[Opening DATASET CONTENT section]
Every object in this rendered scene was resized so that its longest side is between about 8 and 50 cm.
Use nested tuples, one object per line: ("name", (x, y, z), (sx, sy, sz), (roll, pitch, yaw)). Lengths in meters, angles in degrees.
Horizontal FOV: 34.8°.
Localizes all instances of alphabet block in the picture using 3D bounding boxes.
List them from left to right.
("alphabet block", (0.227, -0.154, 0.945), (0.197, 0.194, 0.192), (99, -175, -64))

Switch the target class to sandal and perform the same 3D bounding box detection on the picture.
[Closing DATASET CONTENT section]
[Opening DATASET CONTENT section]
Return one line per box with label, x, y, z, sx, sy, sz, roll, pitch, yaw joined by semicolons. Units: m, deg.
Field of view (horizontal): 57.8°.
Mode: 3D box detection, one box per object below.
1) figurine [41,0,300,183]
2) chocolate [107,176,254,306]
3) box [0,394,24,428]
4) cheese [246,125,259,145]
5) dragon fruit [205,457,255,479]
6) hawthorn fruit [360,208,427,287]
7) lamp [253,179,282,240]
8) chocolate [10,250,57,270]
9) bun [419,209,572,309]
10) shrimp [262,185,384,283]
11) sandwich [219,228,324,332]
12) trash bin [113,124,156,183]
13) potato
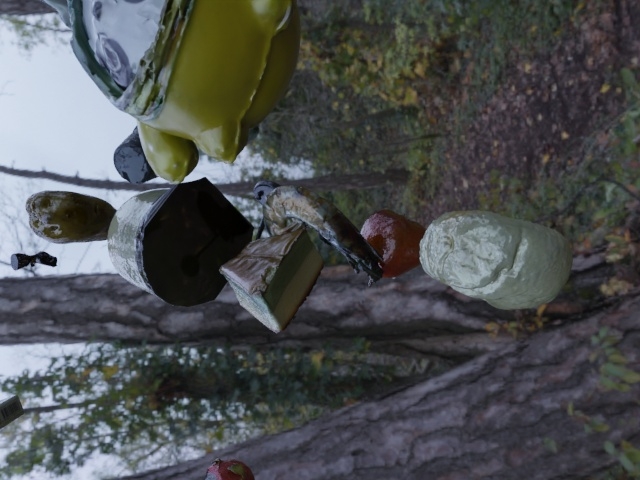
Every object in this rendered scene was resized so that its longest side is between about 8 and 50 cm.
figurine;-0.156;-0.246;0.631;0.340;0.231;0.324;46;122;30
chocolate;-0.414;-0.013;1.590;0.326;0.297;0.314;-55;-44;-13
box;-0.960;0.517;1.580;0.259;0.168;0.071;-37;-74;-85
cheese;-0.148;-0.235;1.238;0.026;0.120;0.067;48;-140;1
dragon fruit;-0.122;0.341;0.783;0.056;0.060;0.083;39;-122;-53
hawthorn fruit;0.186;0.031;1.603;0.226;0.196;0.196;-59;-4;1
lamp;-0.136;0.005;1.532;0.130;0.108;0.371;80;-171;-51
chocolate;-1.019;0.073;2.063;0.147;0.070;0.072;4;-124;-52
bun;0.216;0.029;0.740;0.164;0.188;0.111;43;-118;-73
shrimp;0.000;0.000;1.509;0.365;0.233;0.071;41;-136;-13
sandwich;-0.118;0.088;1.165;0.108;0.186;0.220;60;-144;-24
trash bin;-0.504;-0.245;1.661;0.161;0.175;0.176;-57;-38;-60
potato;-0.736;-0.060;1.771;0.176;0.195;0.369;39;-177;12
[Closing DATASET CONTENT section]
[Opening DATASET CONTENT section]
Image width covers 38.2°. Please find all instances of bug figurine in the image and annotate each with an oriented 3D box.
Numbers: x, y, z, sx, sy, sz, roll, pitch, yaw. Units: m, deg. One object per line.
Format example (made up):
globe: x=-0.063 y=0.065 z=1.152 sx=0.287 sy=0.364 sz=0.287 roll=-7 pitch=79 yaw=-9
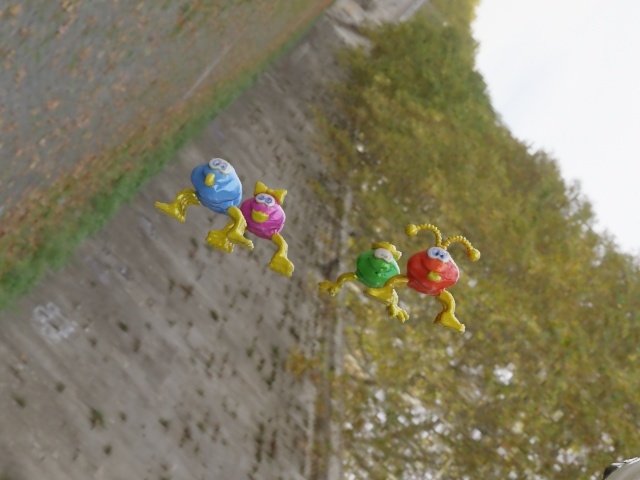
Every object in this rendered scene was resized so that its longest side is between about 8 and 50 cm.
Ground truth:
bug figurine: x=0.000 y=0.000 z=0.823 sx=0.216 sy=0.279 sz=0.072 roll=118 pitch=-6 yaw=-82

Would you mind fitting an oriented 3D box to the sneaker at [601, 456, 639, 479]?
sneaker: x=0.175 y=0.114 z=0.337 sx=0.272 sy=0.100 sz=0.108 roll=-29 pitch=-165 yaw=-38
[Closing DATASET CONTENT section]
**WORK REQUIRED:** From the data above, give the number of lines that hold "bounding", without anything else.

**WRITTEN SOLUTION:** 2